Of course now I do, 20 of them, because when there's no built in, there will be packages made by the community.




Congrats, you just inherited this code and have to fix it:

    Mercury 0.378,2439.7,3.3e23,57910000,88,0.0000000001,0,false
There is no way to infer what any of the values are. They are practically magic numbers. How do you know if you swapped a pair of numbers there and what that will do to the application? You have to mentally map all those things.

It is vastly, overwhelmingly more new-dev friendly to use:

    MERCURY: Planet{
  planet:              mercury,
  Gravity:             0.378,
  RadiusKm:            2439.7,
  MassKg:              3.3e23,
  OrbitKm:             57910000,
  OrbitDays:           88,
  SurfacePressureBars: 0.0000000001,
  Moons:               0,
  Rings:               false,
 },


I’m wondering why we don’t use any type and definition-aware IDEs that could render the first line as a proper table (especially once there is a list of items of the same type involved). With headers and aligned fields. Similar to how Word would do it with inline tables.

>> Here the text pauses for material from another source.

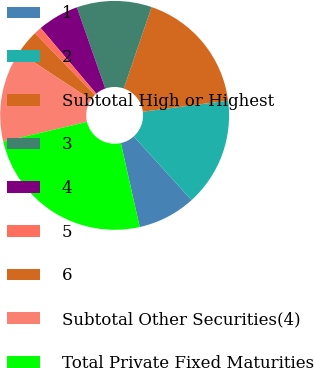<chart> <loc_0><loc_0><loc_500><loc_500><pie_chart><fcel>1<fcel>2<fcel>Subtotal High or Highest<fcel>3<fcel>4<fcel>5<fcel>6<fcel>Subtotal Other Securities(4)<fcel>Total Private Fixed Maturities<nl><fcel>8.21%<fcel>15.33%<fcel>17.71%<fcel>10.58%<fcel>5.83%<fcel>1.08%<fcel>3.46%<fcel>12.96%<fcel>24.83%<nl></chart>

Ideally of course with a switch to change to the second, more verbose definition.


Rider (and probably all JetBrains IDEs?) have inlined parameter names and types as hints.

https://www.jetbrains.com/help/rider/Inline_Parameter_Name_H...

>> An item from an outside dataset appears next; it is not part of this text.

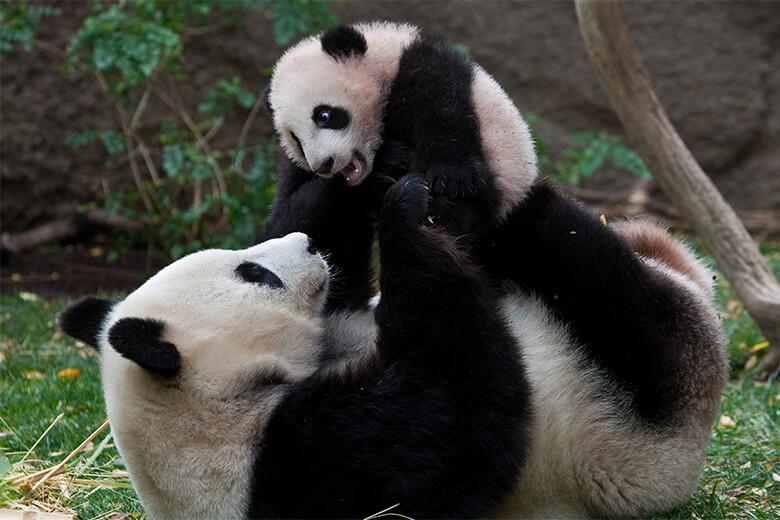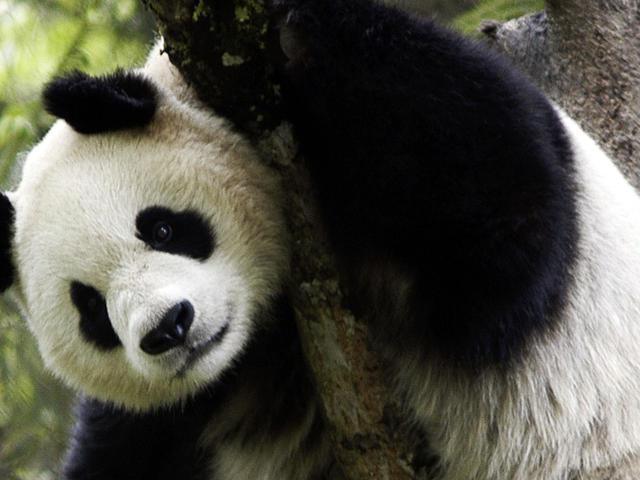The first image is the image on the left, the second image is the image on the right. Evaluate the accuracy of this statement regarding the images: "There are no more than 3 pandas in the image pair". Is it true? Answer yes or no. Yes. The first image is the image on the left, the second image is the image on the right. For the images shown, is this caption "One image features a baby panda next to an adult panda" true? Answer yes or no. Yes.

That would tie languages to language tools and IMO be a downgrade from having a slightly more verbose language that is independent of tooling.


Maybe this data should be stored in a CSV and edited in Google Sheets/Excel.


I've got a job for you, mine at my previous company!


the values are specified in the definition of the iota type.

``` type planet int // Gravity[float64],RadiusKm[float64],MassKg[float64],OrbitKm[float64],OrbitDays[float64],SurfacePressureBars[float64],Moons[int],Rings[bool] ```


yeah, and now, mentally count how many values you are in, don't lose count now! Why offload that to your brain where you could miscount instead of using structured data?


Because your whole argument is misconstructed. There are cases where longer code is better, but there are many cases where longer is worse too. Because the tools the language provide, on top of being more succint, make the intent more obvious.


Huh, for me its opposite, I`m ok with reading/fixing/updating few pages of code if its easy to read and easy to update.

Short code with multiple levels of abstractions, with dynamic inheritance, and with a lot of dependency inversion, etc. etc... I don't like it. I will spend a lot more time (probably) just digging into code while trying to understand it.